Results of PSIS-LOO-CV with 1000 Monte Carlo samples and 1000 data points. Total Monte Carlo SE of 0.077.
┌───────────┬────────┬──────────┬───────┬─────────┐
│           │  total │ se_total │  mean │ se_mean │
├───────────┼────────┼──────────┼───────┼─────────┤
│   cv_elpd │ 378.04 │    28.87 │  0.38 │    0.03 │
│ naive_lpd │ 381.63 │    28.71 │  0.38 │    0.03 │
│     p_eff │   3.59 │     0.26 │  0.00 │    0.00 │
└───────────┴────────┴──────────┴───────┴─────────┘

Model 3

loo3 = psis_loo(model_LBA(data, 1.0), chain_lba3)

Results of PSIS-LOO-CV with 1000 Monte Carlo samples and 1000 data points. Total Monte Carlo SE of 0.14.
┌───────────┬────────┬──────────┬───────┬─────────┐
│           │  total │ se_total │  mean │ se_mean │
├───────────┼────────┼──────────┼───────┼─────────┤
│   cv_elpd │ 359.33 │    29.11 │  0.36 │    0.03 │
│ naive_lpd │ 364.34 │    28.90 │  0.36 │    0.03 │
│     p_eff │   5.01 │     0.32 │  0.01 │    0.00 │
└───────────┴────────┴──────────┴───────┴─────────┘

Compare Models

Finally, we can compare the models using the loo_compare function:

loo_compare((lba1 = loo1, lba2 = loo2, lba3 = loo3))

┌──────┬─────────┬────────┬────────┐
│      │ cv_elpd │ cv_avg │ weight │
├──────┼─────────┼────────┼────────┤
│ lba2 │    0.00 │   0.00 │   1.00 │
│ lba3 │  -18.71 │  -0.02 │   0.00 │
│ lba1 │  -24.53 │  -0.02 │   0.00 │
└──────┴─────────┴────────┴────────┘

Here we indeed correctly identified the generative model we simulated.
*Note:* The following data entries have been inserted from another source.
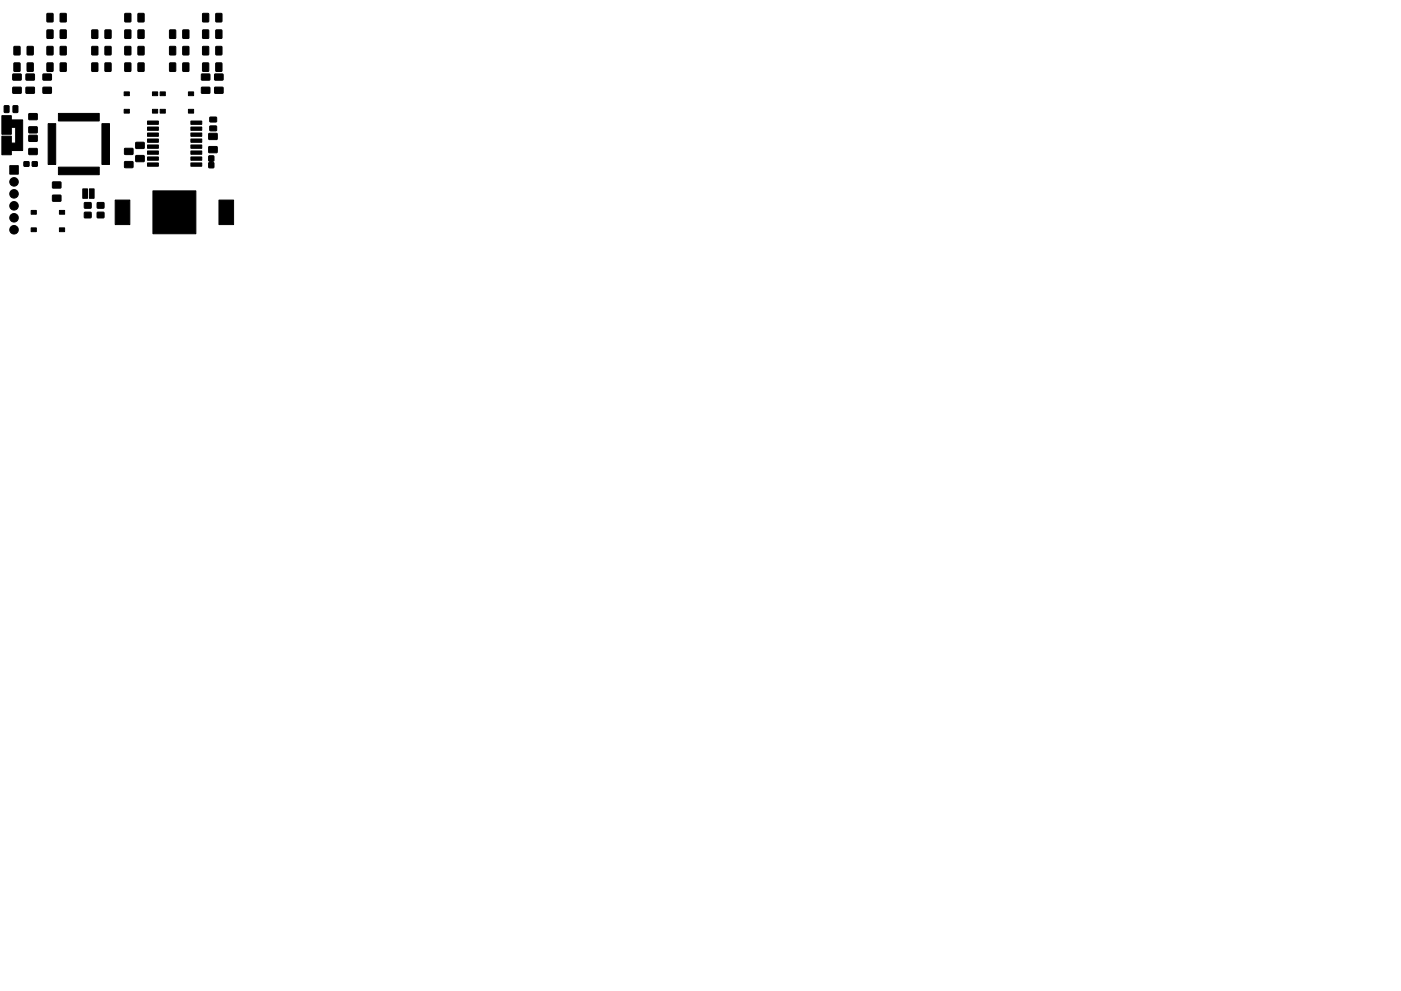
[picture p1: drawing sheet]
<svg xmlns="http://www.w3.org/2000/svg" width="297mm" height="210mm" viewBox="0 0 297 210" stroke-linecap="round" stroke-linejoin="round" font-family="sans-serif">
<g fill="#000" stroke="#000" stroke-width=".21">
<path d="M3 13.4h1.2v1.7h-1.2zM3 9.9h1.2v1.7h-1.2zM2.7 18.5h1.7l.1 1.2-1.7 .1zM2.7 15.7h1.7l.1 1.2-1.7 .1zM5.8 13.4h1.2v1.7h-1.2zM5.8 9.9h1.2v1.7h-1.2zM5.5 18.5h1.7l.1 1.2-1.7 .1zM5.5 15.7h1.7l.1 1.2-1.7 .1zM9.1 18.5h1.7l.1 1.2-1.7 .1zM9.1 15.7h1.7l.1 1.2-1.7 .1zM10 13.4h1.2v1.7h-1.2zM10 9.9h1.2v1.7h-1.2z"/>
<path d="M10 6.4h1.2v1.7h-1.2zM10 2.9h1.2v1.7h-1.2zM12.8 13.4h1.2v1.7h-1.2zM12.8 9.9h1.2v1.7h-1.2zM12.8 6.4h1.2v1.7h-1.2zM12.8 2.9h1.2v1.7h-1.2zM19.5 13.4h1.2v1.7h-1.2zM19.5 9.9h1.2v1.7h-1.2zM19.5 6.4h1.2v1.7h-1.2zM22.3 13.4h1.2v1.7h-1.2zM22.3 9.9h1.2v1.7h-1.2zM22.3 6.4h1.2v1.7h-1.2z"/>
<path d="M26.5 13.4h1.2v1.7h-1.2zM26.5 9.9h1.2v1.7h-1.2zM26.5 6.4h1.2v1.7h-1.2zM26.5 2.9h1.2v1.7h-1.2zM29.3 13.4h1.2v1.7h-1.2zM29.3 9.9h1.2v1.7h-1.2zM29.3 6.4h1.2v1.7h-1.2zM29.3 2.9h1.2v1.7h-1.2zM36 13.4h1.2v1.7h-1.2zM36 9.9h1.2v1.7h-1.2zM36 6.4h1.2v1.7h-1.2zM38.8 13.4h1.2v1.7h-1.2z"/>
<path d="M38.8 9.9h1.2v1.7h-1.2zM38.8 6.4h1.2v1.7h-1.2zM43 13.4h1.2v1.7h-1.2zM43 9.9h1.2v1.7h-1.2zM43 6.4h1.2v1.7h-1.2zM43 2.9h1.2v1.7h-1.2zM42.7 18.5h1.7l.1 1.2-1.7 .1zM42.7 15.7h1.7l.1 1.2-1.7 .1zM45.8 13.4h1.2v1.7h-1.2zM45.8 9.9h1.2v1.7h-1.2zM45.8 6.4h1.2v1.7h-1.2zM45.8 2.9h1.2v1.7h-1.2z"/>
<path d="M45.5 18.5h1.7l.1 1.2-1.7 .1zM45.5 15.7h1.7l.1 1.2-1.7 .1zM.9 22.5h1l-.1 1.4-.9-.1zM.4 24.5h2l.1 .9h2.3v6.5h-2.3l-.1 .9h-2v-3.9h2v1.4l.8 .1 .1-.2v-3.2l-.9 .1v1.4h-2zM2.8 22.5h1l-.1 1.4-.9-.1zM2.1 35.1h1.8v1.8h-1.8zM5.1 34.3h1v1h-1zM6.1 31.5h1.7l.1 1.2-1.7 .1zM6.1 28.7h1.7l.1 1.2-1.7 .1zM6.1 26.9h1.7l.1 1.2-1.7 .1zM6.1 24.1h1.7l.1 1.2-1.7 .1zM6.8 34.3h1.1v1h-1.1z"/>
<path d="M10.2 26.2h1.6v8.7h-1.6zM11.2 38.6h1.7v1.2l-1.7 .1zM12.4 35.5h8.6v1.6h-8.6zM12.4 24.1h8.6v1.6h-8.6zM21.6 26.2h1.6v8.7h-1.6zM26.3 23.2h1.1v.8h-1.1zM26.3 19.5h1.1v.8h-1.1zM26.4 34.3h1.7l.1 1.2-1.7 .1zM26.4 31.5h1.7l.1 1.2-1.7 .1zM28.8 33h1.7l.1 1.2-1.8 .1zM28.8 30.2h1.7l.1 1.2-1.8 .1zM32.3 23.2h1.1v.8h-1.1z"/>
<path d="M32.3 19.5h1.1v.8h-1.1zM31.3 34.6h2.3v.7h-2.3zM31.3 33.3h2.3v.7h-2.3zM31.3 32h2.3v.7h-2.3zM31.3 30.8h2.3v.7h-2.3zM31.3 29.5h2.3v.7h-2.3zM31.3 28.2h2.3v.7h-2.3zM31.3 26.9h2.3v.7h-2.3zM31.3 25.7h2.3v.7h-2.3zM33.9 23.2h1.2v.8h-1.2zM33.9 19.5h1.2v.8h-1.2zM39.9 23.2h1.2v.8h-1.2z"/>
<path d="M39.9 19.5h1.2v.8h-1.2zM40.5 34.6h2.3v.7h-2.3zM40.5 33.3h2.3v.7h-2.3zM40.5 32h2.3v.7h-2.3zM40.5 30.8h2.3v.7h-2.3zM40.5 29.5h2.3v.7h-2.3zM40.5 28.2h2.3v.7h-2.3zM40.5 26.9h2.3v.7h-2.3zM40.5 25.7h2.3v.7h-2.3zM44.3 33.1l.9-.1 .2 .2v.8l-.3 .3 .3 .3-.2 1h-.8l-.2-.1v-.9l.3-.3-.3-.3zM44.5 26.8l1.4-.1v1h-1.4zM44.5 24.9h1.4v.9l-1.4 .1z"/>
<path d="M44.3 31.1h1.7v1.2l-1.7 .1zM44.3 28.3h1.7v1.2l-1.7 .1zM6.6 48.3h1.1v.8h-1.1zM6.6 44.6h1.1v.8h-1.1zM11.2 41.4h1.7v1.2l-1.7 .1zM12.6 48.3h1.1v.8h-1.1zM12.6 44.6h1.1v.8h-1.1zM17.5 40.1h1.1v2h-1.1zM17.9 45.1l1.4-.1v1.2h-1.4zM17.9 43h1.4v1.1l-1.4 .1zM18.9 40.1h1.1v2h-1.1zM20.6 45.1l1.4-.1v1.2h-1.3z"/>
<path d="M20.6 43h1.4v1.1l-1.3 .1zM24.4 42.4h3.1v5.2h-3.1zM32.4 40.5h9.1v9.1h-9.1zM46.4 42.4h3.1v5.2h-3.1z"/>
<circle cx="3" cy="38.6" r=".9"/>
<circle cx="3" cy="48.8" r=".9"/>
<circle cx="3" cy="46.2" r=".9"/>
<circle cx="3" cy="41.1" r=".9"/>
<circle cx="3" cy="43.7" r=".9"/>
</g>
</svg>

It is of note that some researchers have criticized using model comparison metrics such as leave-one-out cross-validation. See Gronau et al. (2019) for more information.

References

Gronau, Q. F., & Wagenmakers, E. J. (2019). Limitations of Bayesian leave-one-out cross-validation for model selection. Computational brain & behavior, 2, 1-11.

Vehtari, A., Gelman, A. & Gabry, J. Practical Bayesian model evaluation using leave-one-out cross-validation and WAIC. Stat Comput 27, 1413–1432 (2017).